After the models were built, we performed model comparisons based on the training and testing performance of all models. The table below shows the cross-validated classification error rate and ROC for all models. In the results, the random forest model has the largest AUC value, while the KNN has the smallest. Therefore, we selected the random forest model as the best predictive classification model for our data. Based on the random forest model, alcohol, sulfate, volatile acidity, total sulfur dioxide, and density were the top 5 significant predictors that helped us predict wine quality classification. Such findings are in line with our expectations since factors such as alcohol, sulfates, and volatile acidity may determine the flavor and mouthfeel of wine. When looking at the summary of each model, we realized that the KNN model had the lowest AUC value and the highest test classification error rate of 0.367. The other nine models had similar AUC values of approximately 82%.

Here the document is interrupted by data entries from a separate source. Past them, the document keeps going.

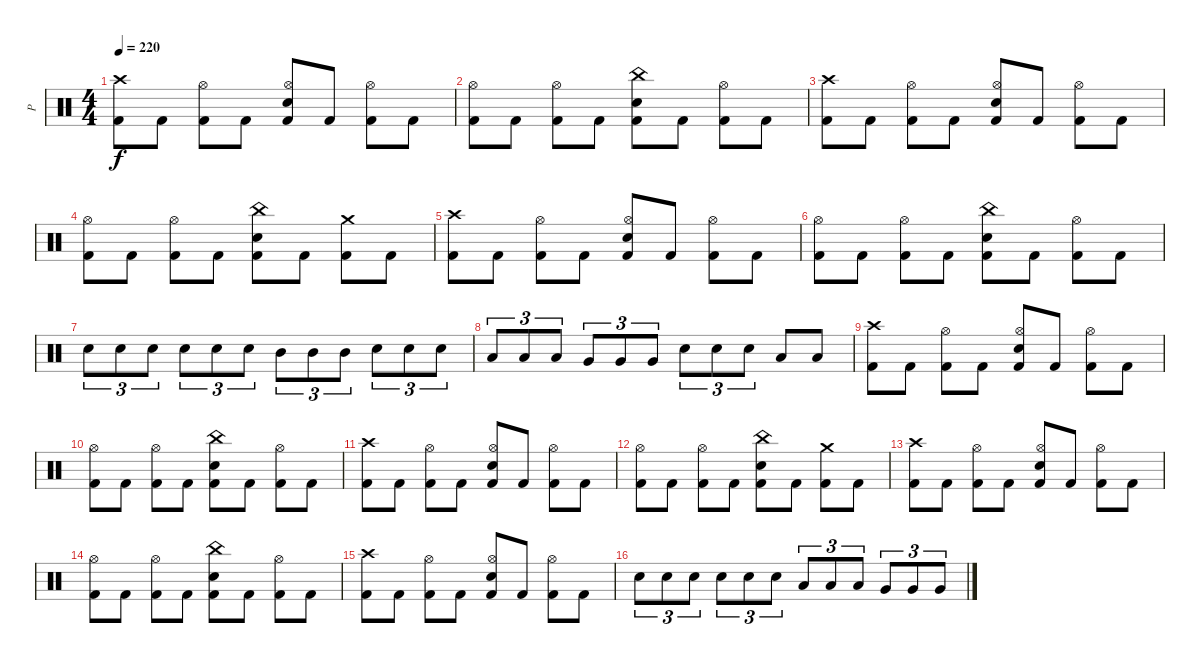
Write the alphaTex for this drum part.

\track ("P" "P") {instrument percussion}
\staff {score}
\articulation defaults
\ts (4 4)
\tempo 220
\clef neutral
\ks c
("Crash high (hit)" "Kick (hit) 2").8{dy f} "Kick (hit) 2".8 ("Hi-Hat (open)" "Kick (hit) 2").8 "Kick (hit) 2".8 ("Hi-Hat (open)" "Electric Snare (hit)" "Kick (hit) 2").8 "Kick (hit) 2".8 ("Hi-Hat (open)" "Kick (hit) 2").8 "Kick (hit) 2".8 |
("Hi-Hat (open)" "Kick (hit) 2").8 "Kick (hit) 2".8 ("Hi-Hat (open)" "Kick (hit) 2").8 "Kick (hit) 2".8 ("China (hit)" "Electric Snare (hit)" "Kick (hit) 2").8 "Kick (hit) 2".8 ("Hi-Hat (open)" "Kick (hit) 2").8 "Kick (hit) 2".8 |
("Crash high (hit)" "Kick (hit) 2").8 "Kick (hit) 2".8 ("Hi-Hat (open)" "Kick (hit) 2").8 "Kick (hit) 2".8 ("Hi-Hat (open)" "Electric Snare (hit)" "Kick (hit) 2").8 "Kick (hit) 2".8 ("Hi-Hat (open)" "Kick (hit) 2").8 "Kick (hit) 2".8 |
("Hi-Hat (open)" "Kick (hit) 2").8 "Kick (hit) 2".8 ("Hi-Hat (open)" "Kick (hit) 2").8 "Kick (hit) 2".8 ("China (hit)" "Electric Snare (hit)" "Kick (hit) 2").8 "Kick (hit) 2".8 ("Crash medium (hit)" "Kick (hit) 2").8 "Kick (hit) 2".8 |
("Crash high (hit)" "Kick (hit) 2").8 "Kick (hit) 2".8 ("Hi-Hat (open)" "Kick (hit) 2").8 "Kick (hit) 2".8 ("Hi-Hat (open)" "Electric Snare (hit)" "Kick (hit) 2").8 "Kick (hit) 2".8 ("Hi-Hat (open)" "Kick (hit) 2").8 "Kick (hit) 2".8 |
("Hi-Hat (open)" "Kick (hit) 2").8 "Kick (hit) 2".8 ("Hi-Hat (open)" "Kick (hit) 2").8 "Kick (hit) 2".8 ("China (hit)" "Electric Snare (hit)" "Kick (hit) 2").8 "Kick (hit) 2".8 ("Hi-Hat (open)" "Kick (hit) 2").8 "Kick (hit) 2".8 |
"Electric Snare (hit)".8{tu (3 2)} "Electric Snare (hit)".8{tu (3 2)} "Electric Snare (hit)".8{tu (3 2)} "Electric Snare (hit)".8{tu (3 2)} "Electric Snare (hit)".8{tu (3 2)} "Electric Snare (hit)".8{tu (3 2)} "Mid Tom (hit)".8{tu (3 2)} "Mid Tom (hit)".8{tu (3 2)} "Mid Tom (hit)".8{tu (3 2)} "Electric Snare (hit)".8{tu (3 2)} "Electric Snare (hit)".8{tu (3 2)} "Electric Snare (hit)".8{tu (3 2)} |
"Low Tom (hit)".8{tu (3 2)} "Low Tom (hit)".8{tu (3 2)} "Low Tom (hit)".8{tu (3 2)} "Very Low Tom (hit)".8{tu (3 2)} "Very Low Tom (hit)".8{tu (3 2)} "Very Low Tom (hit)".8{tu (3 2)} "Electric Snare (hit)".8{tu (3 2)} "Electric Snare (hit)".8{tu (3 2)} "Electric Snare (hit)".8{tu (3 2)} "Low Tom (hit)".8 "Low Tom (hit)".8 |
("Crash high (hit)" "Kick (hit) 2").8 "Kick (hit) 2".8 ("Hi-Hat (open)" "Kick (hit) 2").8 "Kick (hit) 2".8 ("Hi-Hat (open)" "Electric Snare (hit)" "Kick (hit) 2").8 "Kick (hit) 2".8 ("Hi-Hat (open)" "Kick (hit) 2").8 "Kick (hit) 2".8 |
("Hi-Hat (open)" "Kick (hit) 2").8 "Kick (hit) 2".8 ("Hi-Hat (open)" "Kick (hit) 2").8 "Kick (hit) 2".8 ("China (hit)" "Electric Snare (hit)" "Kick (hit) 2").8 "Kick (hit) 2".8 ("Hi-Hat (open)" "Kick (hit) 2").8 "Kick (hit) 2".8 |
("Crash high (hit)" "Kick (hit) 2").8 "Kick (hit) 2".8 ("Hi-Hat (open)" "Kick (hit) 2").8 "Kick (hit) 2".8 ("Hi-Hat (open)" "Electric Snare (hit)" "Kick (hit) 2").8 "Kick (hit) 2".8 ("Hi-Hat (open)" "Kick (hit) 2").8 "Kick (hit) 2".8 |
("Hi-Hat (open)" "Kick (hit) 2").8 "Kick (hit) 2".8 ("Hi-Hat (open)" "Kick (hit) 2").8 "Kick (hit) 2".8 ("China (hit)" "Electric Snare (hit)" "Kick (hit) 2").8 "Kick (hit) 2".8 ("Crash medium (hit)" "Kick (hit) 2").8 "Kick (hit) 2".8 |
("Crash high (hit)" "Kick (hit) 2").8 "Kick (hit) 2".8 ("Hi-Hat (open)" "Kick (hit) 2").8 "Kick (hit) 2".8 ("Hi-Hat (open)" "Electric Snare (hit)" "Kick (hit) 2").8 "Kick (hit) 2".8 ("Hi-Hat (open)" "Kick (hit) 2").8 "Kick (hit) 2".8 |
("Hi-Hat (open)" "Kick (hit) 2").8 "Kick (hit) 2".8 ("Hi-Hat (open)" "Kick (hit) 2").8 "Kick (hit) 2".8 ("China (hit)" "Electric Snare (hit)" "Kick (hit) 2").8 "Kick (hit) 2".8 ("Hi-Hat (open)" "Kick (hit) 2").8 "Kick (hit) 2".8 |
("Crash high (hit)" "Kick (hit) 2").8 "Kick (hit) 2".8 ("Hi-Hat (open)" "Kick (hit) 2").8 "Kick (hit) 2".8 ("Hi-Hat (open)" "Electric Snare (hit)" "Kick (hit) 2").8 "Kick (hit) 2".8 ("Hi-Hat (open)" "Kick (hit) 2").8 "Kick (hit) 2".8 |
"Electric Snare (hit)".8{tu (3 2)} "Electric Snare (hit)".8{tu (3 2)} "Electric Snare (hit)".8{tu (3 2)} "Electric Snare (hit)".8{tu (3 2)} "Electric Snare (hit)".8{tu (3 2)} "Electric Snare (hit)".8{tu (3 2)} "Low Tom (hit)".8{tu (3 2)} "Low Tom (hit)".8{tu (3 2)} "Low Tom (hit)".8{tu (3 2)} "Very Low Tom (hit)".8{tu (3 2)} "Very Low Tom (hit)".8{tu (3 2)} "Very Low Tom (hit)".8{tu (3 2)}

The model building process showed that alcohol, sulfates, volatile acidity, total sulfur dioxide, and density were the top 5 significant predictors of wine quality classification in the training dataset. We selected the random forest model because it had the largest AUC value and the lowest classification error rate. The model also performs well on the test dataset. Therefore, this random forest model is an effective method for wine quality classification.